Look through the lines below, find those with the word "Continuous", and copy them.

───── ENTRIES PROVIDED

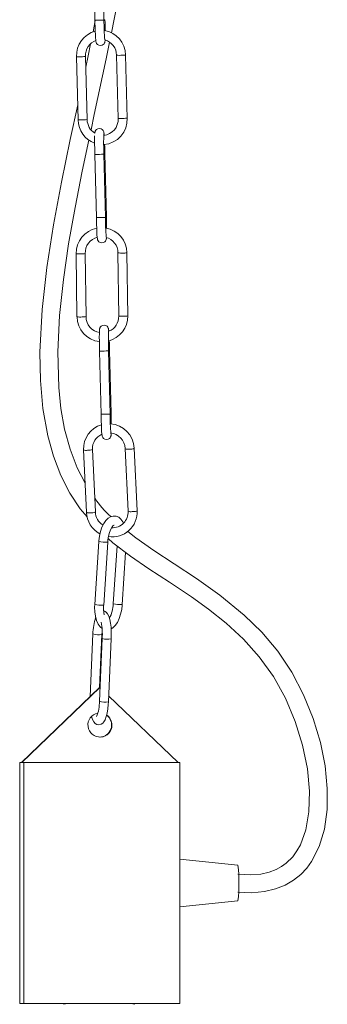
# Model space of a CAD drawing. Header units: millimetres. Extents: x -221 to 581, y -1633 to 212.
# Tile 2 of 6: x -67 to 35, y -1237 to -910. Entities that reach past the tile are written whole.
import ezdxf

# ---------------------------------------------------------------- set-up
doc = ezdxf.new("R2010")
doc.units = ezdxf.units.MM

msp = doc.modelspace()

# ---------------------------------------------------------------- linework, layer by layer
at = {"color": 7, "linetype": 'Continuous', "lineweight": 15}
for p, q in [((-42.61, -889.31), (-42.11, -910.33)), ((-39.11, -910.33), (-39.61, -889.24)), ((-41.99, -910.39), (-42.73, -914.11)), ((-48.24, -922.39), (-47.69, -943.38)), ((-44.69, -943.3), (-45.24, -922.31)), ((-34.93, -921.91), (-34.38, -942.94)), ((-31.37, -942.94), (-31.93, -921.83)), ((-42.14, -954.84), (-41.64, -975.87)), ((-38.64, -975.87), (-39.14, -954.77)), ((-38.3, -975.63), (-38.8, -954.64)), ((-48.34, -987.85), (-48.08, -1008.81)), ((-45.08, -1008.77), (-45.34, -987.81)), ((-34.47, -987.56), (-34.21, -1008.62)), ((-31.21, -1008.62), (-31.47, -987.52)), ((-40.58, -1020.2), (-40.08, -1041.22)), ((-37.08, -1041.22), (-37.58, -1020.13)), ((-36.74, -1040.99), (-37.24, -1020)), ((-45.9, -1053.01), (-44.95, -1073.78)), ((-41.96, -1073.64), (-42.9, -1052.88)), ((-32.01, -1052.62), (-31.06, -1073.39)), ((-28.07, -1073.26), (-29.01, -1052.49)), ((-40.83, -1083.47), (-42.19, -1104.4)), ((-39.2, -1104.6), (-37.83, -1083.67)), ((-34.75, -1084.94), (-36.01, -1104.2)), ((-33.02, -1104.45), (-31.89, -1087.13)), ((-42.79, -1114.2), (-43.73, -1135)), ((-40.59, -1131.98), (-39.79, -1114.34)), ((-39.69, -1115.69), (-40.64, -1136.57)), ((-37.64, -1136.7), (-36.69, -1115.83)), ((-40.56, -1131.95), (-66.54, -1156.95)), ((-40.43, -1131.95), (-66.41, -1156.95)), ((-40.56, -1131.95), (-40.43, -1131.95)), ((-40.43, -1131.96), (-40.43, -1131.95)), ((-14.46, -1156.95), (-37.55, -1134.73)), ((-67.14, -1156.95), (-67.14, -1236.95)), ((-67.14, -1156.95), (-13.85, -1156.95)), ((-65.8, -1156.95), (-65.8, -1236.95)), ((-13.85, -1156.95), (-13.85, -1236.95)), ((5.46, -1191.06), (-13.85, -1189.02)), ((-13.85, -1204.88), (5.46, -1202.85)), ((-67.14, -1236.95), (-13.85, -1236.95))]:
    msp.add_line(p, q, dxfattribs=at)
at = {"color": 7, "linetype": 'Continuous', "lineweight": 15, "flags": 128}
for points in [[(-36.64, -914.41), (-34.75, -904.85), (-31.95, -888.67), (-29.64, -872.62), (-27.91, -856.72), (-26.84, -840.87), (-26.54, -825.05), (-27.16, -809.3), (-28.74, -794.3), (-31.41, -779.44), (-35.32, -764.73), (-39.63, -752.14)], [(-42.11, -910.3), (-42.09, -911.08), (-42.05, -912.54), (-42, -913.89), (-41.95, -915.09), (-41.9, -916.07), (-41.85, -916.81), (-41.78, -917.36), (-41.74, -917.57), (-41.67, -917.75), (-41.54, -918.01), (-41.26, -918.33), (-40.84, -918.59), (-40.3, -918.7), (-39.73, -918.59), (-39.34, -918.37), (-39.08, -918.1), (-38.92, -917.84), (-38.83, -917.64), (-38.79, -917.49), (-38.77, -917.35), (-38.74, -917.13), (-38.73, -916.83)], [(-43.53, -918.08), (-44.32, -922.06), (-45.14, -925.9)], [(-43.4, -946.73), (-42.31, -941.59), (-38.36, -923.1), (-37.26, -917.53)], [(-47.82, -938.39), (-50.3, -949.93), (-53.23, -964.1), (-55.9, -978.3), (-58.11, -992.39), (-59.7, -1006.42), (-60.43, -1020.6), (-60.26, -1029.98), (-59.43, -1039.28), (-57.77, -1048.41), (-55.9, -1055.09), (-53.42, -1061.51), (-50.44, -1067.36), (-47, -1072.62), (-44.7, -1075.33)], [(-39.03, -948.55), (-39.06, -948.13), (-39.13, -947.58), (-39.17, -947.37), (-39.24, -947.19), (-39.37, -946.93), (-39.65, -946.61), (-40.07, -946.35), (-40.61, -946.24), (-41.18, -946.35), (-41.57, -946.57), (-41.83, -946.84), (-41.99, -947.1), (-42.08, -947.31), (-42.11, -947.45), (-42.14, -947.59), (-42.16, -947.8)], [(-45.39, -1064.13), (-48.01, -1059.02), (-50.39, -1052.75), (-52.18, -1046.13), (-53.41, -1039.3), (-54.15, -1032.31), (-54.47, -1020.4), (-53.88, -1008.39), (-52.61, -996.46), (-50.86, -984.55), (-48.72, -972.52), (-46.32, -960.45), (-44.12, -950.11)], [(-41.64, -975.84), (-41.62, -976.62), (-41.58, -978.07), (-41.53, -979.43), (-41.48, -980.62), (-41.43, -981.61), (-41.38, -982.35), (-41.31, -982.89), (-41.27, -983.1), (-41.2, -983.29), (-41.07, -983.55), (-40.79, -983.87), (-40.37, -984.12), (-39.83, -984.23), (-39.26, -984.13), (-38.87, -983.91), (-38.61, -983.64), (-38.45, -983.38), (-38.36, -983.17), (-38.32, -983.02), (-38.3, -982.88), (-38.27, -982.66), (-38.27, -982.48)], [(-37.49, -1013.62), (-37.5, -1013.48), (-37.57, -1012.94), (-37.61, -1012.73), (-37.68, -1012.54), (-37.81, -1012.28), (-38.09, -1011.96), (-38.51, -1011.71), (-39.05, -1011.6), (-39.62, -1011.7), (-40.01, -1011.93), (-40.27, -1012.19), (-40.43, -1012.46), (-40.52, -1012.66), (-40.56, -1012.81), (-40.58, -1012.95), (-40.61, -1013.17), (-40.63, -1013.71), (-40.64, -1014.48), (-40.65, -1015.54), (-40.64, -1016.78), (-40.62, -1018.17), (-40.59, -1019.64), (-40.58, -1020.2)], [(-40.08, -1041.19), (-40.06, -1041.97), (-40.02, -1043.43), (-39.97, -1044.78), (-39.92, -1045.98), (-39.87, -1046.96), (-39.82, -1047.71), (-39.75, -1048.25), (-39.71, -1048.46), (-39.64, -1048.65), (-39.51, -1048.9), (-39.23, -1049.22), (-38.81, -1049.48), (-38.27, -1049.59), (-37.7, -1049.49), (-37.31, -1049.26), (-37.05, -1048.99), (-36.89, -1048.73), (-36.8, -1048.53), (-36.77, -1048.38), (-36.74, -1048.24), (-36.72, -1048.02), (-36.69, -1047.48), (-36.69, -1047.42)], [(-32.6, -1077.37), (-32.79, -1076.95), (-33.45, -1076.05), (-34.2, -1075.43), (-35.04, -1075.08), (-36.02, -1075.01), (-36.92, -1075.24), (-37.73, -1075.72), (-38.48, -1076.45), (-39.19, -1077.47), (-39.81, -1078.76), (-40.29, -1080.2), (-40.63, -1081.75), (-40.81, -1083.27), (-40.83, -1083.47)], [(-37.83, -1083.67), (-37.77, -1082.97), (-37.55, -1081.65), (-37.23, -1080.44), (-36.83, -1079.42), (-36.4, -1078.65), (-36.01, -1078.19), (-35.77, -1078.01), (-35.73, -1077.99), (-35.76, -1077.99)], [(-37.69, -1082.47), (-36.12, -1083.9), (-30.28, -1088.36), (-24.15, -1092.56), (-17.35, -1097.01), (-10.01, -1101.9), (-4.28, -1106), (1.54, -1110.61), (7.27, -1115.88), (12.56, -1121.76), (17.24, -1128.28), (21.24, -1135.51), (24.49, -1143.23), (26.95, -1151.14), (28.55, -1158.98), (29.26, -1166.46), (29.08, -1173.29), (28.05, -1179.25), (26.25, -1184.22), (25.09, -1186.3), (23.67, -1188.24), (21.49, -1190.4), (20, -1191.48), (18.16, -1192.48), (15.9, -1193.33), (13.11, -1193.95), (9.68, -1194.21), (5.46, -1193.95)], [(5.46, -1199.95), (10.11, -1200.16), (14.26, -1199.8), (17.96, -1198.93), (21.2, -1197.63), (23.99, -1195.97), (26.36, -1194.06), (28.33, -1191.96), (29.96, -1189.74), (32.52, -1184.76), (34.23, -1179.01), (35.12, -1172.57), (35.19, -1165.55), (34.44, -1158.04), (32.87, -1150.23), (30.49, -1142.28), (27.32, -1134.42), (23.37, -1126.89), (18.7, -1119.94), (13.37, -1113.63), (7.5, -1107.9), (-0.53, -1101.35), (-8.37, -1095.81), (-15.76, -1090.93), (-22.52, -1086.47), (-28.52, -1082.26), (-31.2, -1080.12)], [(-42.19, -1104.4), (-42.23, -1105.25), (-42.18, -1106.82), (-41.97, -1108.32), (-41.6, -1109.7), (-41.05, -1110.92), (-40.39, -1111.82), (-39.74, -1112.36)], [(-36.72, -1112.52), (-36.11, -1112.16), (-35.36, -1111.42), (-34.65, -1110.4), (-34.03, -1109.11), (-33.55, -1107.67), (-33.21, -1106.12), (-33.03, -1104.6), (-33.02, -1104.4)], [(-36.69, -1115.83), (-36.67, -1115.01), (-36.67, -1113.47), (-36.75, -1111.98), (-36.91, -1110.6), (-37.14, -1109.37), (-37.47, -1108.3), (-37.91, -1107.47), (-38.34, -1106.99), (-38.93, -1106.64), (-39.18, -1106.6)], [(-39.79, -1114.34), (-39.75, -1113.61), (-39.7, -1113.08)], [(-43.25, -1141.66), (-42.96, -1142.61), (-42.52, -1143.44), (-42.08, -1143.92), (-41.49, -1144.27), (-40.78, -1144.39), (-40.06, -1144.22), (-39.53, -1143.88), (-39.11, -1143.41), (-38.74, -1142.74), (-38.35, -1141.66), (-38.07, -1140.49), (-37.84, -1139.08), (-37.69, -1137.58), (-37.64, -1136.7)], [(-50.66, -1236.95), (-51.07, -1237.01), (-52.57, -1237.24)], [(-28.81, -1237.24), (-30.31, -1237.01), (-30.72, -1236.95)]]:
    msp.add_lwpolyline(points, dxfattribs=at)
at = {"color": 8, "linetype": 'Continuous', "lineweight": 15, "flags": 128}
for points in [[(-42.11, -910.3), (-42.01, -910.3), (-41.7, -910.3), (-41.22, -910.29), (-40.65, -910.28), (-40.07, -910.27), (-39.58, -910.25), (-39.24, -910.24), (-39.11, -910.23), (-39.12, -910.23)], [(-32.41, -942.89), (-31.9, -942.87), (-31.54, -942.84), (-31.38, -942.82), (-31.4, -942.82)], [(-41.64, -975.84), (-41.54, -975.84), (-41.23, -975.84), (-40.75, -975.83), (-40.18, -975.82), (-39.6, -975.8), (-39.11, -975.79), (-38.77, -975.77), (-38.64, -975.77), (-38.65, -975.77)], [(-34.18, -1008.52), (-34.2, -1008.54), (-34, -1008.57), (-33.62, -1008.59), (-33.09, -1008.6), (-32.5, -1008.59)], [(-40.08, -1041.19), (-39.98, -1041.2), (-39.67, -1041.19), (-39.19, -1041.18), (-38.62, -1041.17), (-38.04, -1041.16), (-37.55, -1041.14), (-37.21, -1041.13), (-37.08, -1041.12), (-37.09, -1041.12)], [(-29.74, -1073.54), (-29.16, -1073.51), (-28.64, -1073.45), (-28.26, -1073.37), (-28.08, -1073.28), (-28.09, -1073.26)], [(-37.83, -1083.67), (-37.84, -1083.67), (-37.99, -1083.69)], [(-39.2, -1104.6), (-39.2, -1104.6), (-39.35, -1104.62)], [(-33.17, -1104.42), (-33.02, -1104.4), (-33.03, -1104.4)]]:
    msp.add_lwpolyline(points, dxfattribs=at)
at = {"color": 8, "linetype": 'Continuous', "lineweight": 15}
for centre, radius, start, end in [((-39.1, -906.89), 3.22, 269.7427, 275.8352), ((-47.33, -906.98), 15.44, 266.6116, 273.9021), ((-46.13, -916.81), 5.58, 268.5468, 279.2173), ((-34.03, -903.88), 18.06, 267.1455, 273.3792), ((-32.83, -916.31), 5.6, 268.5604, 279.1977), ((-46.77, -927.95), 15.45, 266.6147, 273.9002), ((-45.58, -937.78), 5.59, 268.5552, 279.2052), ((-33.46, -925.9), 17.02, 266.969, 273.5206), ((-41.99, -898.16), 56.69, 269.8471, 272.8797), ((-39.11, -951.61), 3.05, 269.8429, 275.8491), ((-38.63, -972.43), 3.22, 269.7427, 275.8352), ((-47.26, -982.12), 5.83, 259.3367, 276.1866), ((-46.36, -983.2), 4.73, 266.7255, 282.4994), ((-33.35, -980.58), 7.07, 260.825, 274.7049), ((-32.5, -982.91), 4.73, 266.7297, 282.4924), ((-47, -1003.09), 5.82, 259.3283, 276.1922), ((-46.1, -1004.15), 4.73, 266.732, 282.4884), ((-32.2, -1004.53), 4.07, 265.7141, 283.6747), ((-40.43, -963.51), 56.69, 269.8471, 272.8797), ((-37.55, -1016.96), 3.05, 269.8429, 275.8491), ((-37.07, -1037.78), 3.22, 269.7427, 275.8352), ((-45, -1050.99), 2.22, 246.0153, 281.0233), ((-44.23, -1050.12), 3.06, 263.5788, 295.8057), ((-31.11, -1050.6), 2.22, 246.052, 281.003), ((-30.25, -1050.25), 2.56, 260.3473, 299.0728), ((-44.05, -1071.75), 2.22, 246.0278, 281.0164), ((-43.29, -1070.91), 3.04, 263.5286, 295.8984), ((-30.18, -1071.63), 1.96, 243.8328, 282.8475), ((-38.42, -1070.63), 13.06, 259.3722, 271.887), ((-39.78, -1091.56), 13.07, 259.3757, 271.8849), ((-33.44, -1089.37), 15.05, 260.2359, 271.0289), ((-41.05, -1109.03), 5.46, 251.4401, 283.3411), ((-37.95, -1110.5), 5.47, 251.4836, 283.3202), ((-38.9, -1131.38), 5.47, 251.4936, 283.3156)]:
    msp.add_arc(centre, radius, start, end, dxfattribs=at)
at = {"color": 7, "linetype": 'Continuous', "lineweight": 15}
for centre, radius, start, end in [((56.03, -909.48), 95.14, 180.4506, 184.4369), ((-259.91, -915.64), 221.21, 0.4834, 1.4349), ((-39.87, -922.01), 8.38, 104.746, 182.6458), ((-40.17, -921.87), 8.24, 0.2787, 81.8555), ((-39.74, -922.07), 5.51, 110.8395, 182.5768), ((-40.17, -921.87), 5.24, 359.5246, 74.9102), ((-39.5, -943.38), 8.19, 180.0062, 250.7168), ((-39.44, -943.32), 5.24, 179.751, 238.7479), ((-39.69, -943.24), 8.33, 273.4232, 2.8923), ((-39.78, -943.2), 5.41, 276.1874, 3.2216), ((118.79, -950.26), 161, 179.4348, 181.6317), ((65.81, -950.89), 105.02, 178.4394, 182.1179), ((-269.7, -959.98), 230.96, 1.3242, 2.0934), ((57.85, -974.97), 96.49, 180.472, 184.3946), ((-258.88, -981.15), 220.65, 0.4571, 1.4341), ((-39.91, -987.68), 8.43, 101.0938, 181.1312), ((-39.78, -987.56), 8.31, 0.2137, 81.3211), ((-40.05, -987.55), 5.29, 103.2332, 182.8141), ((-39.75, -987.54), 5.28, 359.726, 75.4592), ((-39.71, -1008.75), 8.36, 180.3849, 263.6634), ((-39.74, -1008.76), 5.34, 180.0861, 262.1015), ((-39.66, -1008.65), 8.45, 283.8256, 1.0933), ((-39.52, -1008.71), 5.32, 292.4269, 2.0252), ((67.37, -1016.25), 105.02, 178.4394, 182.1179), ((-272.96, -1025.46), 235.79, 1.329, 2.109), ((58.06, -1040.37), 95.14, 180.4506, 184.4369), ((-297.69, -1047.26), 261.02, 0.6293, 1.3765), ((-37.67, -1052.59), 8.23, 106.2119, 182.9021), ((-37.57, -1052.9), 8.57, 2.7285, 86.1026), ((-37.86, -1052.51), 5.06, 112.6098, 184.1112), ((-37.5, -1052.86), 5.49, 2.4807, 84.0987), ((-15.58, -1051.26), 32.01, 213.8508, 228.4357), ((-36.54, -1073.43), 8.43, 182.4008, 242.3863), ((-36.73, -1073.51), 5.23, 181.439, 238.7494), ((-36.3, -1073.68), 8.25, 261.0616, 2.93), ((-36.3, -1073.67), 5.24, 267.32, 3.0911), ((-27.24, -1105.5), 12, 175.7031, 191.1018), ((-46.45, -1103.93), 10.44, 331.4183, 358.4768), ((-23.84, -1114.49), 18.94, 162.1354, 179.1313), ((-60.94, -1114.26), 21.3, 356.1532, 10.8412), ((-52.53, -1137.06), 11.9, 337.2976, 2.3781), ((-40.44, -1144.45), 4, 100.8578, 359.981), ((-40.56, -1144.45), 4, 270.0454, 53.9627), ((-40.44, -1144.45), 4, 359.9899, 55.8992), ((-48, -1196.95), 53.79, 353.7047, 6.2953)]:
    msp.add_arc(centre, radius, start, end, dxfattribs=at)

doc.saveas('drawing.dxf')

──────────

SOLUTION TO THIS TASK:
at = {"color": 7, "linetype": 'Continuous', "lineweight": 15}
at = {"color": 7, "linetype": 'Continuous', "lineweight": 15, "flags": 128}
at = {"color": 8, "linetype": 'Continuous', "lineweight": 15, "flags": 128}
at = {"color": 8, "linetype": 'Continuous', "lineweight": 15}
at = {"color": 7, "linetype": 'Continuous', "lineweight": 15}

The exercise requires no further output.